# Clustering of MNIST 

In this example we try to cluster images from MNIST.  

The idea is that it can cluster images from different classes using a cosine similarity from a pretrained CLIP model. 

### Data functions
These functions are needed to load the images from the folder.

In [1]:
import glob
import os 
import pandas as pd
import matplotlib.pyplot as plt
import seaborn as sns
import random
from sentence_transformers import SentenceTransformer, util
from PIL import Image
import torch
from sklearn.utils import shuffle
import numpy as np

# Importing the dataset from keras
from keras.datasets import mnist

def extract_balanced_subset(data, targets, num_samples_per_class):
    subset_data = []
    subset_targets = []
    class_samples_count = {label: 0 for label in range(10)}

    for i in range(len(data)):
        label = int(targets[i][0])
        if class_samples_count[label] < num_samples_per_class:
            subset_data.append(data[i])
            subset_targets.append(label)
            class_samples_count[label] += 1

            if all(count == num_samples_per_class for count in class_samples_count.values()):
                break

    return np.array(subset_data), np.array(subset_targets)

(x_train, y_train), (x_test, y_test) = mnist.load_data()
# Flatten labels
y_train = np.expand_dims(y_train, axis=1)

# Shuffle the dataset
x_train, y_train = shuffle(x_train, y_train, random_state=42)

# Convert NumPy arrays to tuples for dictionary keys
y_train_labels = [tuple(label) for label in y_train]

# Set the number of samples you want for each class in the subset
num_samples_per_class = 100

# Extract the balanced subset
balanced_subset_data, balanced_subset_targets = extract_balanced_subset(x_train, y_train_labels, num_samples_per_class)

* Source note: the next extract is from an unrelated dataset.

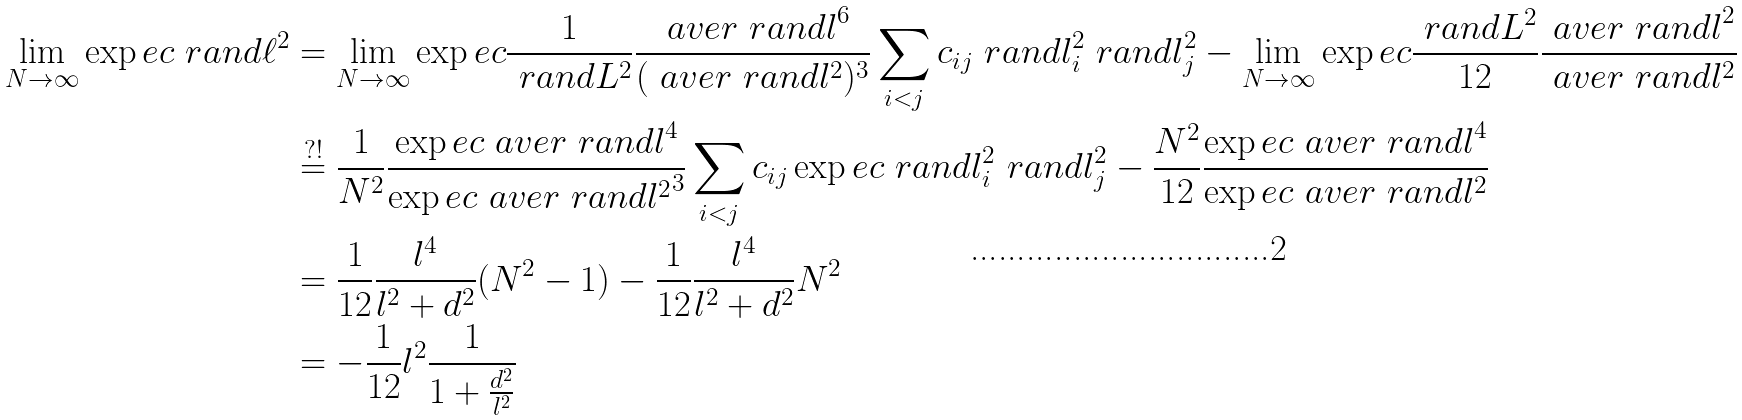Convert formula to latex. <formula><loc_0><loc_0><loc_500><loc_500>\lim _ { N \rightarrow \infty } \exp e c { \ r a n d { \ell ^ { 2 } } } & = \lim _ { N \rightarrow \infty } \exp e c { \frac { 1 } { \ r a n d { L } ^ { 2 } } \frac { \ a v e r { \ r a n d { l } } ^ { 6 } } { ( \ a v e r { \ r a n d { l } ^ { 2 } } ) ^ { 3 } } \sum _ { i < j } c _ { i j } \ r a n d { l } _ { i } ^ { 2 } \ r a n d { l } _ { j } ^ { 2 } } - \lim _ { N \rightarrow \infty } \exp e c { \frac { \ r a n d { L } ^ { 2 } } { 1 2 } \frac { \ a v e r { \ r a n d { l } } ^ { 2 } } { \ a v e r { \ r a n d { l } ^ { 2 } } } } \\ & \overset { ? ! } { = } \frac { 1 } { N ^ { 2 } } \frac { \exp e c { \ a v e r { \ r a n d { l } } } ^ { 4 } } { \exp e c { \ a v e r { \ r a n d { l } ^ { 2 } } } ^ { 3 } } \sum _ { i < j } c _ { i j } \exp e c { \ r a n d { l } _ { i } ^ { 2 } \ r a n d { l } _ { j } ^ { 2 } } - \frac { N ^ { 2 } } { 1 2 } \frac { \exp e c { \ a v e r { \ r a n d { l } } } ^ { 4 } } { \exp e c { \ a v e r { \ r a n d { l } ^ { 2 } } } } \\ & = \frac { 1 } { 1 2 } \frac { l ^ { 4 } } { l ^ { 2 } + d ^ { 2 } } ( N ^ { 2 } - 1 ) - \frac { 1 } { 1 2 } \frac { l ^ { 4 } } { l ^ { 2 } + d ^ { 2 } } N ^ { 2 } \\ & = - \frac { 1 } { 1 2 } l ^ { 2 } \frac { 1 } { 1 + \frac { d ^ { 2 } } { l ^ { 2 } } }</formula> 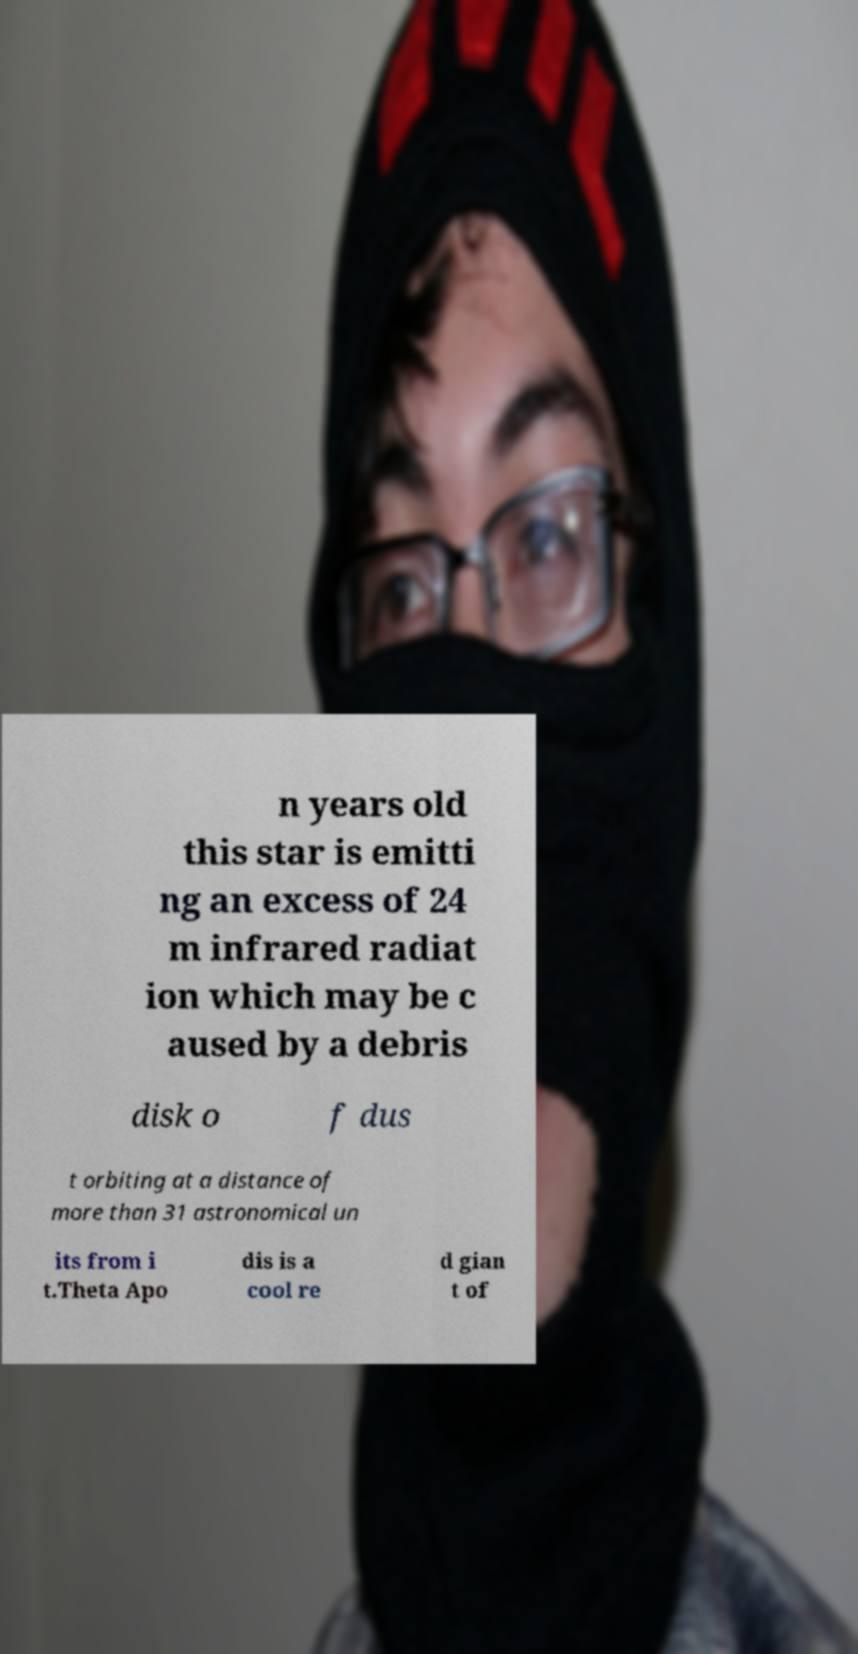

# Print the shapes of the balanced subset
print("Balanced Subset Data Shape:", balanced_subset_data.shape)
print("Balanced Subset Targets Shape:", balanced_subset_targets.shape)
x_train = balanced_subset_data
y_train = balanced_subset_targets
true_labels = y_train



Balanced Subset Data Shape: (1000, 28, 28)
Balanced Subset Targets Shape: (1000,)


# AntClust Cosine Similarity

In [8]:
# ----------------------
#       imports
# ----------------------
# import opencv
import cv2 as cv
# matplotlib
import matplotlib.pyplot as plt
from importlib import reload
from sklearn.metrics import adjusted_rand_score
import numpy as np
# make AntClus dir known
import sys
sys.path.append("../AntClust")
# import AntClust
from AntClust import AntClust
# import the precomputed distance matrix function for AntClust
import distance_classes
reload(distance_classes)

# import the rule set
from rules import labroche_rules

# ----------------------
#       data
# ----------------------


# ----------------------
#       AntClust
# ----------------------
# tell AntClust to treat the data set as precomputed similarity matrix
# similarity function
f_sim = [distance_classes.image_cosine_similarity(img_tensor=x_train)]


Batches:   0%|          | 0/4 [00:00<?, ?it/s]

In [9]:
ant_clust = AntClust(f_sim, labroche_rules())

# find clusters by using the distance matrix of the data

ant_clust.fit([[i] for i in range(len(x_train))])

# get the clustering result
clusters_found = ant_clust.labels_
clusters_found_cos = ant_clust.get_clusters()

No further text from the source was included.